(Stored data entries)
((

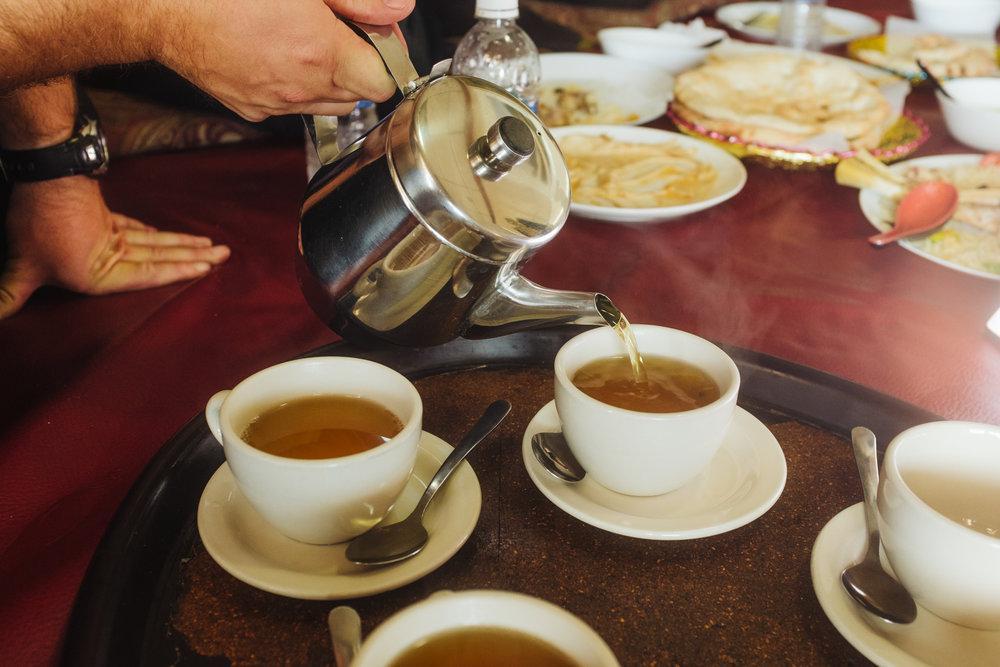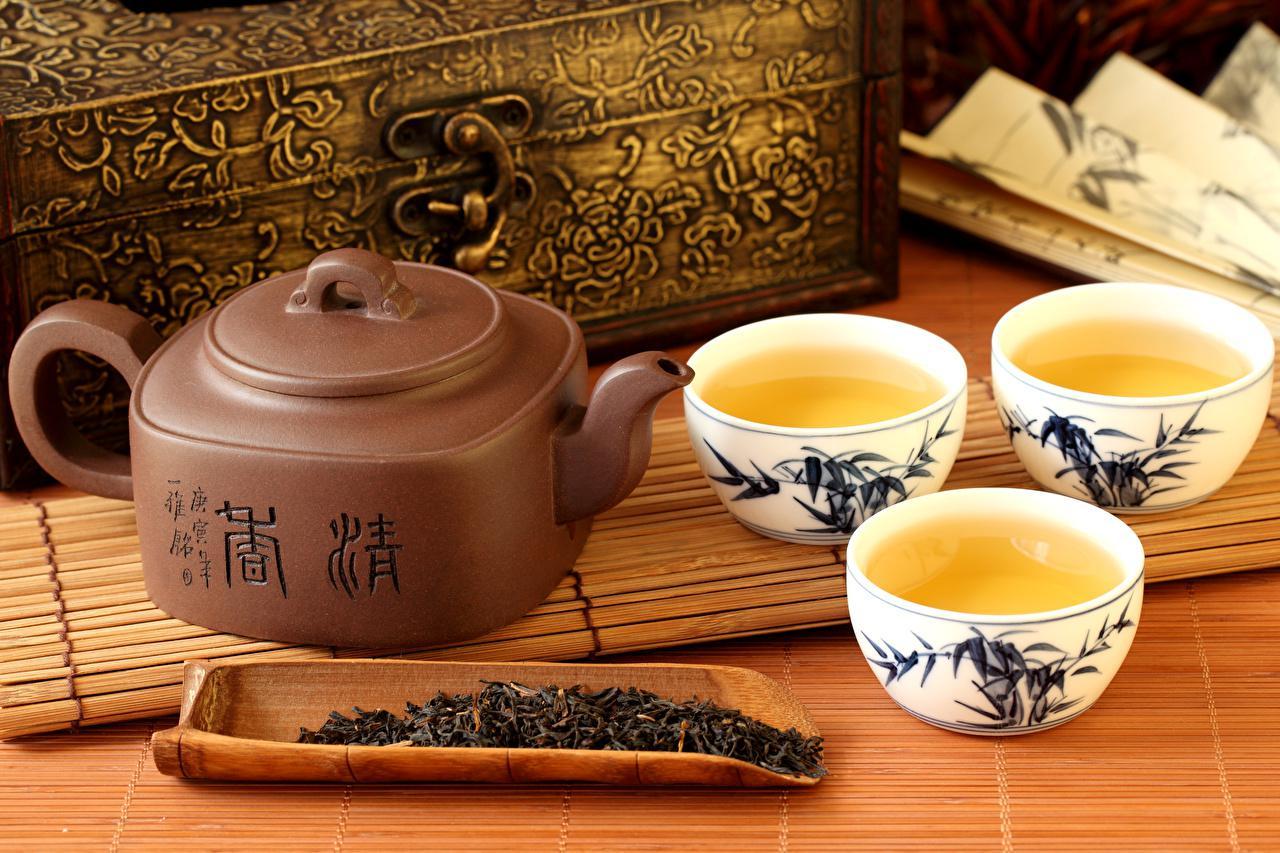The first image is the image on the left, the second image is the image on the right. Given the left and right images, does the statement "Tea is being poured from a teapot into one of the white tea cups." hold true? Answer yes or no. Yes. The first image is the image on the left, the second image is the image on the right. Analyze the images presented: Is the assertion "tea is being poured from a spout" valid? Answer yes or no. Yes. 
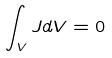Convert formula to latex. <formula><loc_0><loc_0><loc_500><loc_500>\int _ { V } J d V = 0</formula> 
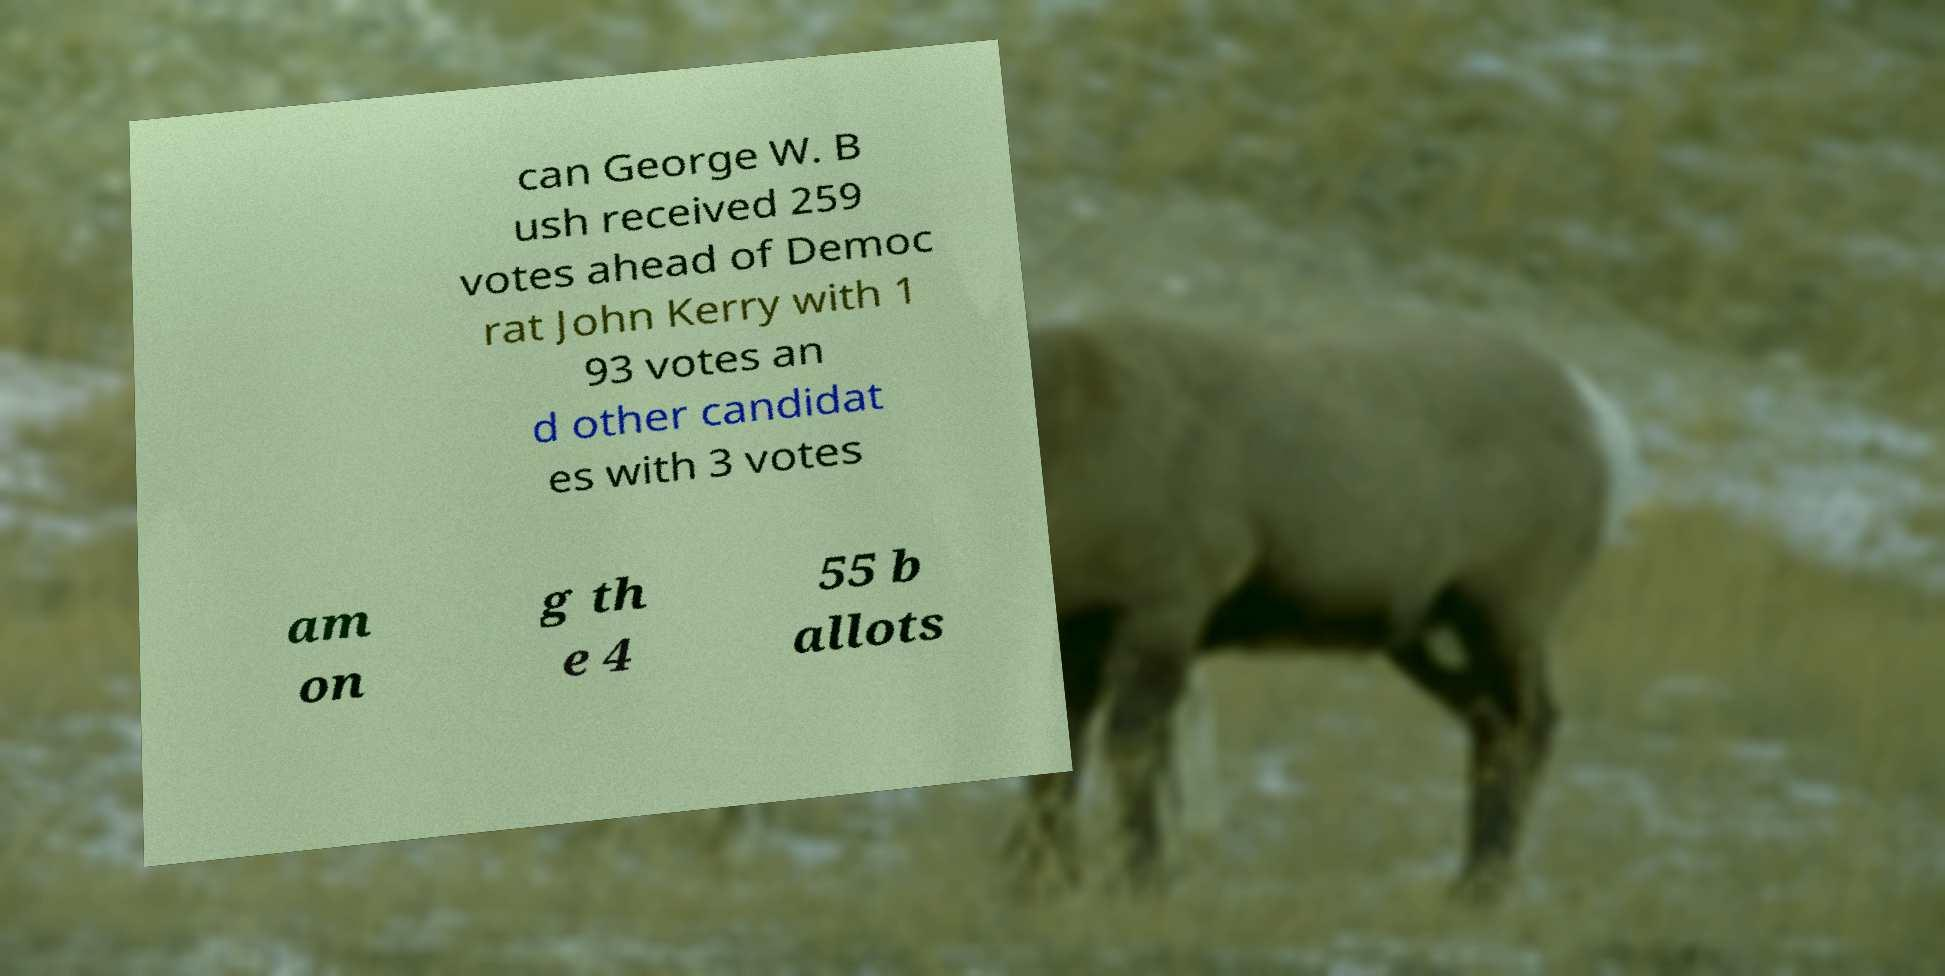Please identify and transcribe the text found in this image. can George W. B ush received 259 votes ahead of Democ rat John Kerry with 1 93 votes an d other candidat es with 3 votes am on g th e 4 55 b allots 
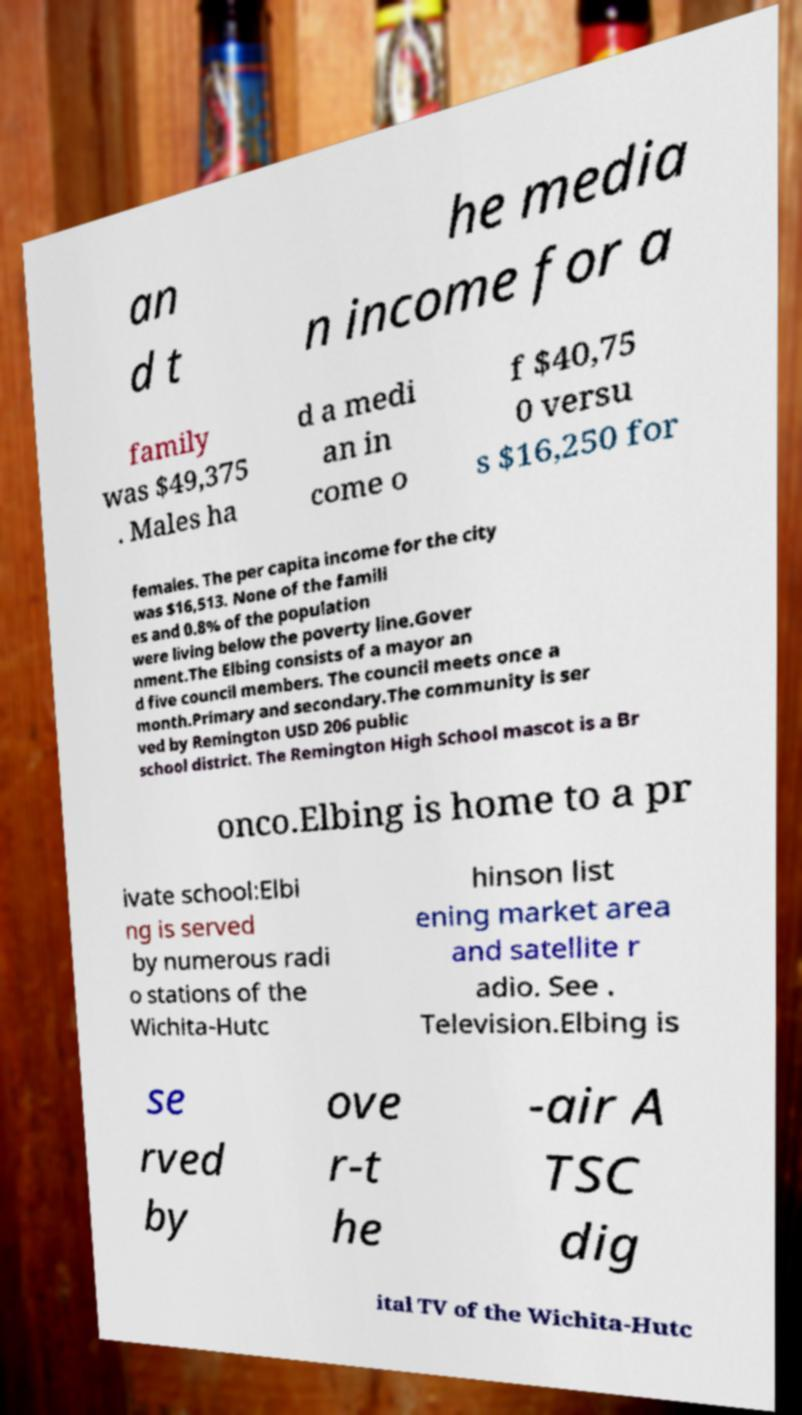What messages or text are displayed in this image? I need them in a readable, typed format. an d t he media n income for a family was $49,375 . Males ha d a medi an in come o f $40,75 0 versu s $16,250 for females. The per capita income for the city was $16,513. None of the famili es and 0.8% of the population were living below the poverty line.Gover nment.The Elbing consists of a mayor an d five council members. The council meets once a month.Primary and secondary.The community is ser ved by Remington USD 206 public school district. The Remington High School mascot is a Br onco.Elbing is home to a pr ivate school:Elbi ng is served by numerous radi o stations of the Wichita-Hutc hinson list ening market area and satellite r adio. See . Television.Elbing is se rved by ove r-t he -air A TSC dig ital TV of the Wichita-Hutc 
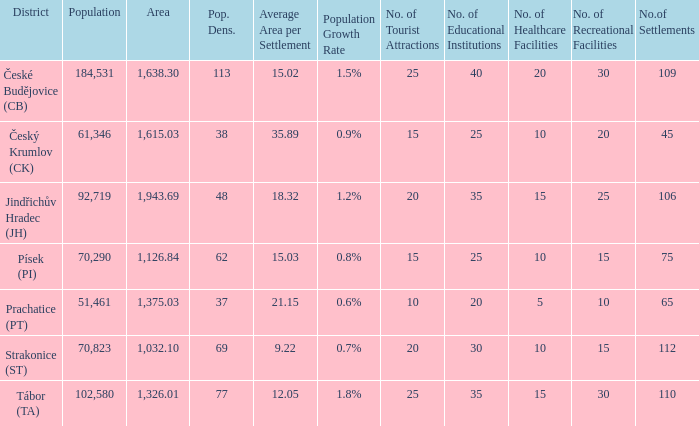What is the population density of the area with a population larger than 92,719? 2.0. 
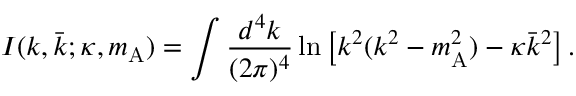Convert formula to latex. <formula><loc_0><loc_0><loc_500><loc_500>I ( k , \bar { k } ; \kappa , m _ { A } ) = \int \frac { d ^ { 4 } k } { ( 2 \pi ) ^ { 4 } } \ln \left [ k ^ { 2 } ( k ^ { 2 } - m _ { A } ^ { 2 } ) - \kappa \bar { k } ^ { 2 } \right ] .</formula> 
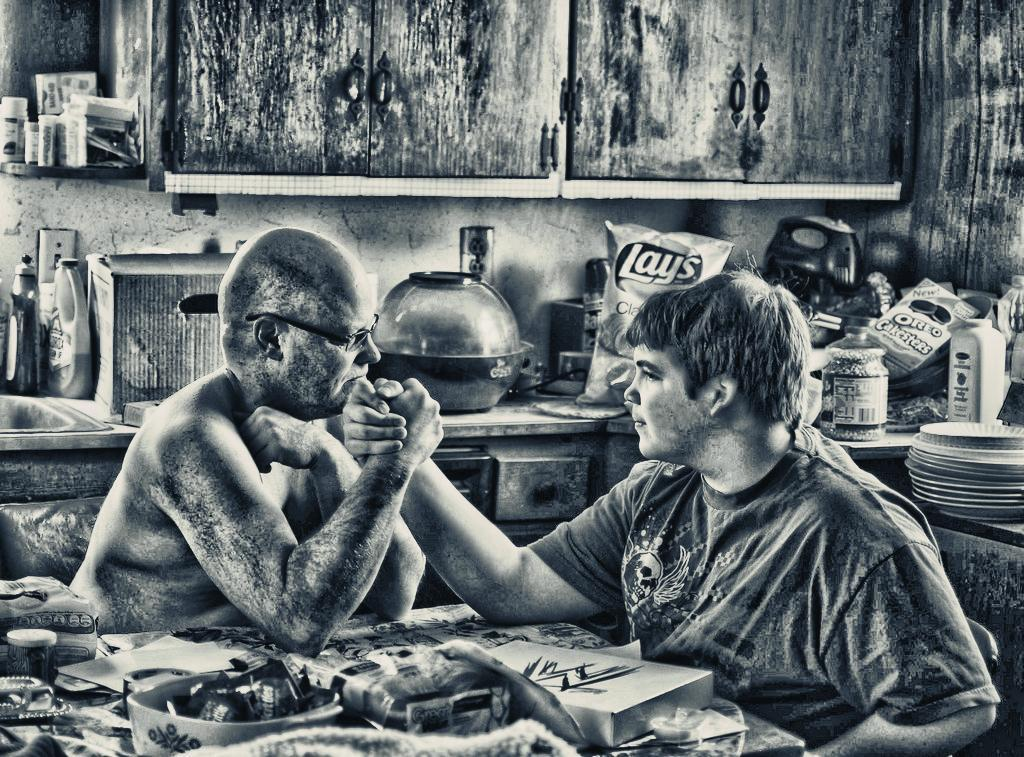How many persons can be seen in the background of the image? There are two persons in the background of the image. What type of items are present in the image? There are eatable items in the image. What type of doll is present in the image? There is no doll present in the image. 
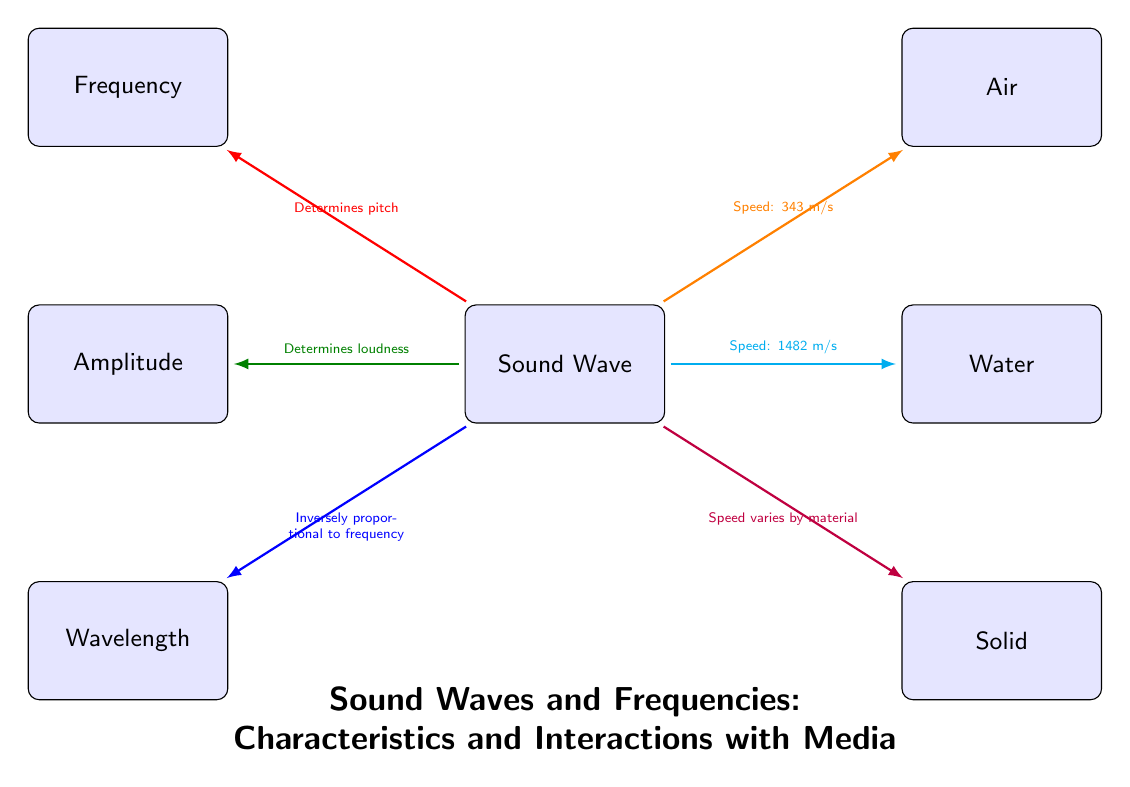What determines the pitch of a sound wave? The diagram indicates that the frequency is the factor that determines pitch, as shown by the red arrow connecting the sound wave to the frequency node.
Answer: Frequency What is the loudness of sound waves determined by? The green arrow in the diagram connects the sound wave to the amplitude, indicating that amplitude determines the loudness of sound waves.
Answer: Amplitude What is the speed of sound in air? As noted in the diagram with an orange arrow, the speed of sound in air is specified as 343 m/s.
Answer: 343 m/s Which medium has the highest speed of sound according to the diagram? By comparing the values shown in the diagram, the speed of sound in water (1482 m/s) is identified as being faster than in air (343 m/s) and implies that solids generally have a higher speed, therefore solid is the answer here as it states "Speed varies by material."
Answer: Solid What is the relationship between wavelength and frequency in sound waves? The diagram illustrates that wavelength is inversely proportional to frequency, indicated by the blue line connecting the sound wave to the wavelength node. This relationship suggests that as frequency increases, wavelength decreases.
Answer: Inversely proportional to frequency How many types of media are shown in the diagram? The diagram displays three media types: air, water, and solid, indicated by the connections from the sound wave. Counting these provides the answer.
Answer: Three Which characteristic of sound is associated with the color green in the diagram? The color green in the diagram is associated with the amplitude, which connects to the sound wave and indicates its role in determining loudness.
Answer: Loudness What does the wavelength indicate in relation to sound waves? The diagram notes that wavelength is inversely proportional to frequency, suggesting that the wavelength indicates the relationship with the speed of sound; longer wavelengths correspond with lower frequencies.
Answer: Inversely proportional to frequency 
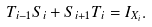<formula> <loc_0><loc_0><loc_500><loc_500>T _ { i - 1 } S _ { i } + S _ { i + 1 } T _ { i } = I _ { X _ { i } } .</formula> 
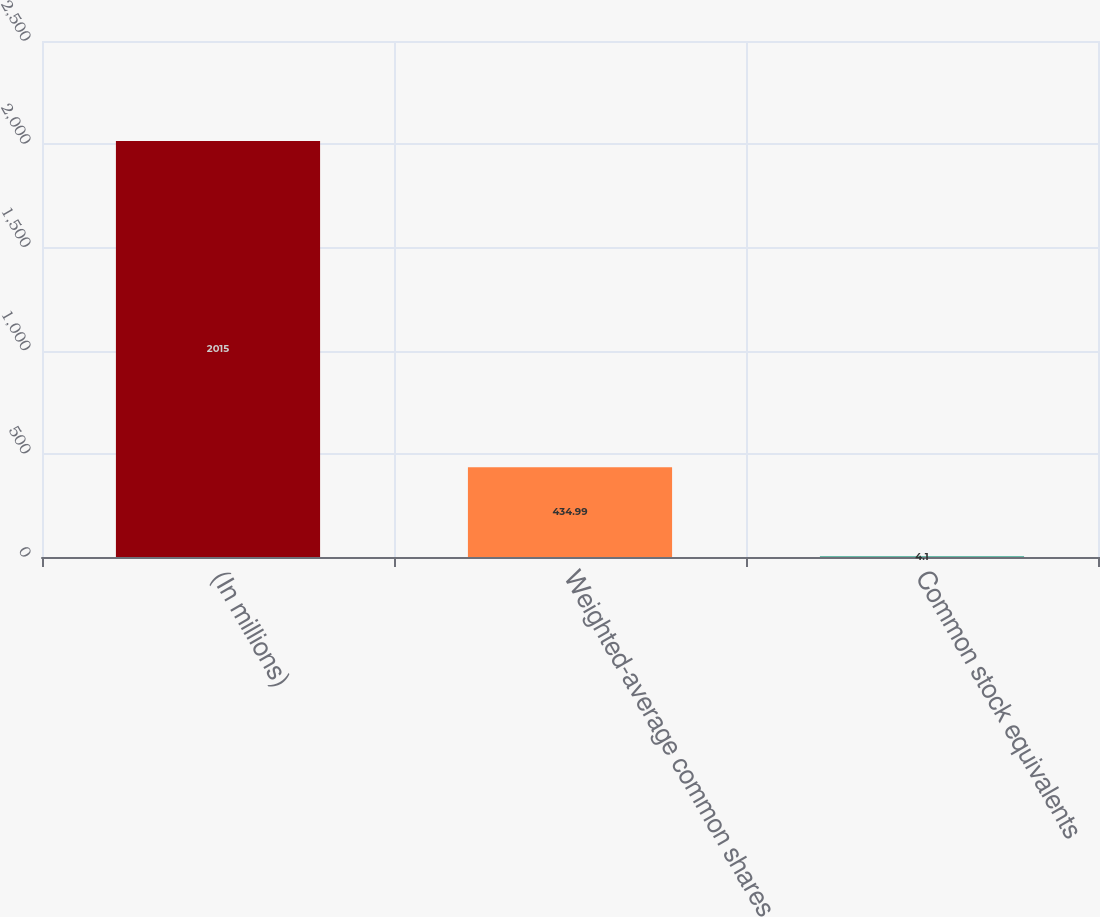Convert chart to OTSL. <chart><loc_0><loc_0><loc_500><loc_500><bar_chart><fcel>(In millions)<fcel>Weighted-average common shares<fcel>Common stock equivalents<nl><fcel>2015<fcel>434.99<fcel>4.1<nl></chart>

))

● DIRECTIONS:
In the entries above, please find the line with "Answer: Frequency What" and the line with "Answer: Amplitude What", then write out exactly those two lines and every line between them, and nothing more.

● TASK RESPONSE:
Answer: Frequency What is the loudness of sound waves determined by? The green arrow in the diagram connects the sound wave to the amplitude, indicating that amplitude determines the loudness of sound waves.
Answer: Amplitude What is the speed of sound in air? As noted in the diagram with an orange arrow, the speed of sound in air is specified as 343 m/s.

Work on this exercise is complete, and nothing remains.